*** Block opens ***
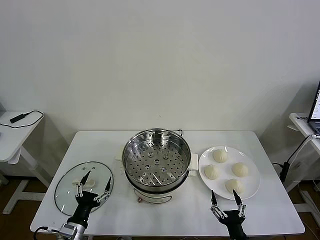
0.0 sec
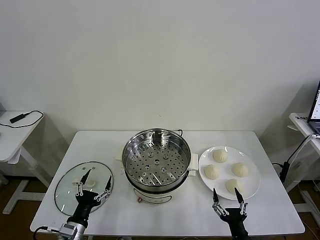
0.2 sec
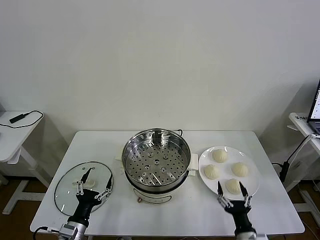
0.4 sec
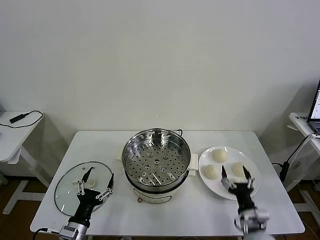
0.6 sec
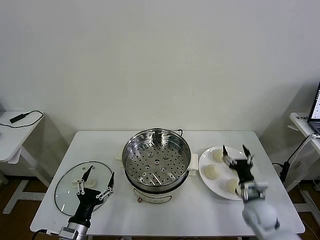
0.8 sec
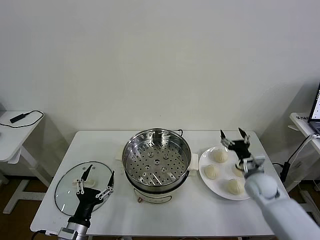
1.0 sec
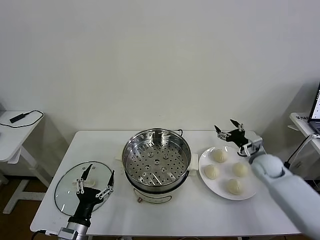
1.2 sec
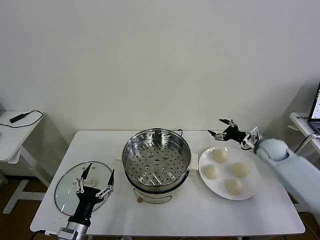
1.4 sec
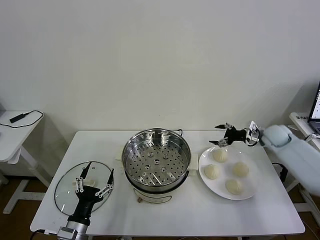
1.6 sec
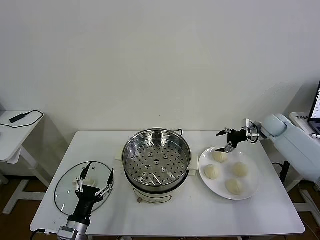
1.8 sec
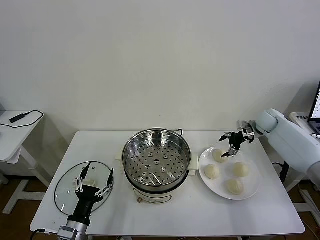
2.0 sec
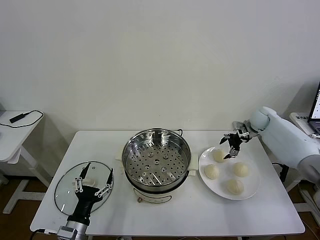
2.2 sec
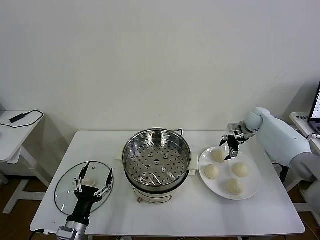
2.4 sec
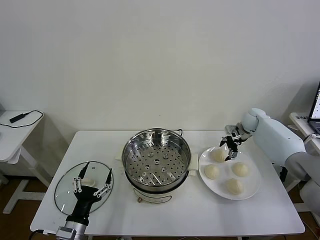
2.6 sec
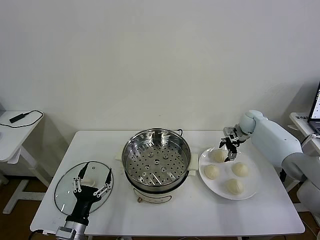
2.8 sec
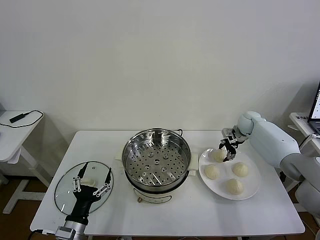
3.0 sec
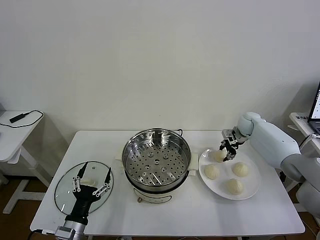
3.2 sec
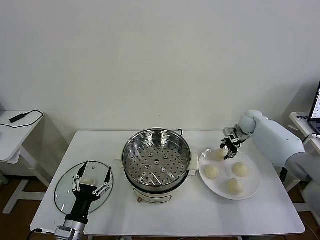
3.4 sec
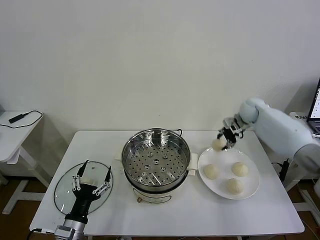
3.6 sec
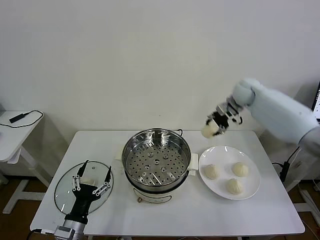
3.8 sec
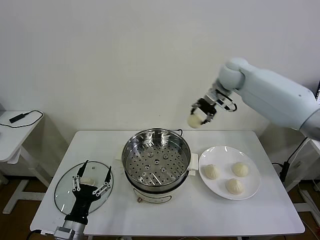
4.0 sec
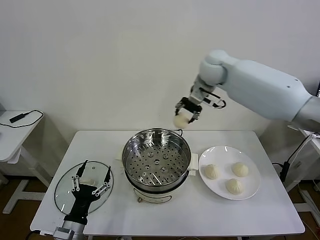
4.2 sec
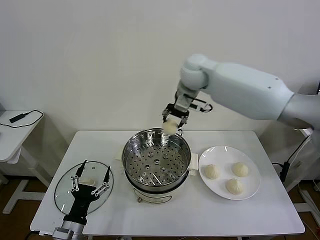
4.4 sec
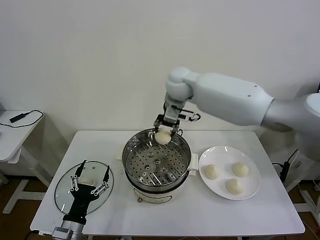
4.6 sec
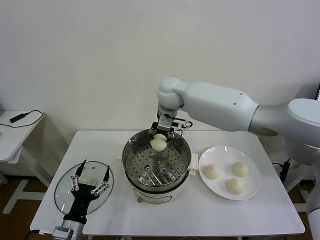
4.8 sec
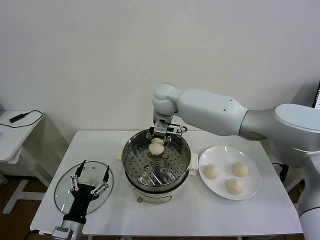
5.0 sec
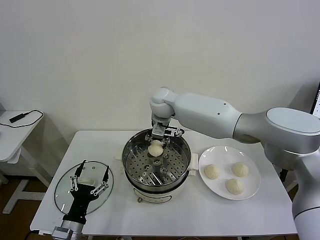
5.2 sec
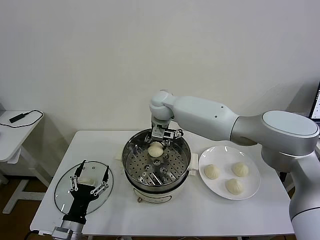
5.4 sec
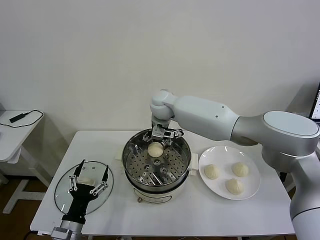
*** Block closes ***
■ TASK DESCRIPTION ■
Repeat every entry above exactly as written and omit any pictures it holds.

■ RESPONSE FOR THIS EXERCISE ■
0.0 sec
0.2 sec
0.4 sec
0.6 sec
0.8 sec
1.0 sec
1.2 sec
1.4 sec
1.6 sec
1.8 sec
2.0 sec
2.2 sec
2.4 sec
2.6 sec
2.8 sec
3.0 sec
3.2 sec
3.4 sec
3.6 sec
3.8 sec
4.0 sec
4.2 sec
4.4 sec
4.6 sec
4.8 sec
5.0 sec
5.2 sec
5.4 sec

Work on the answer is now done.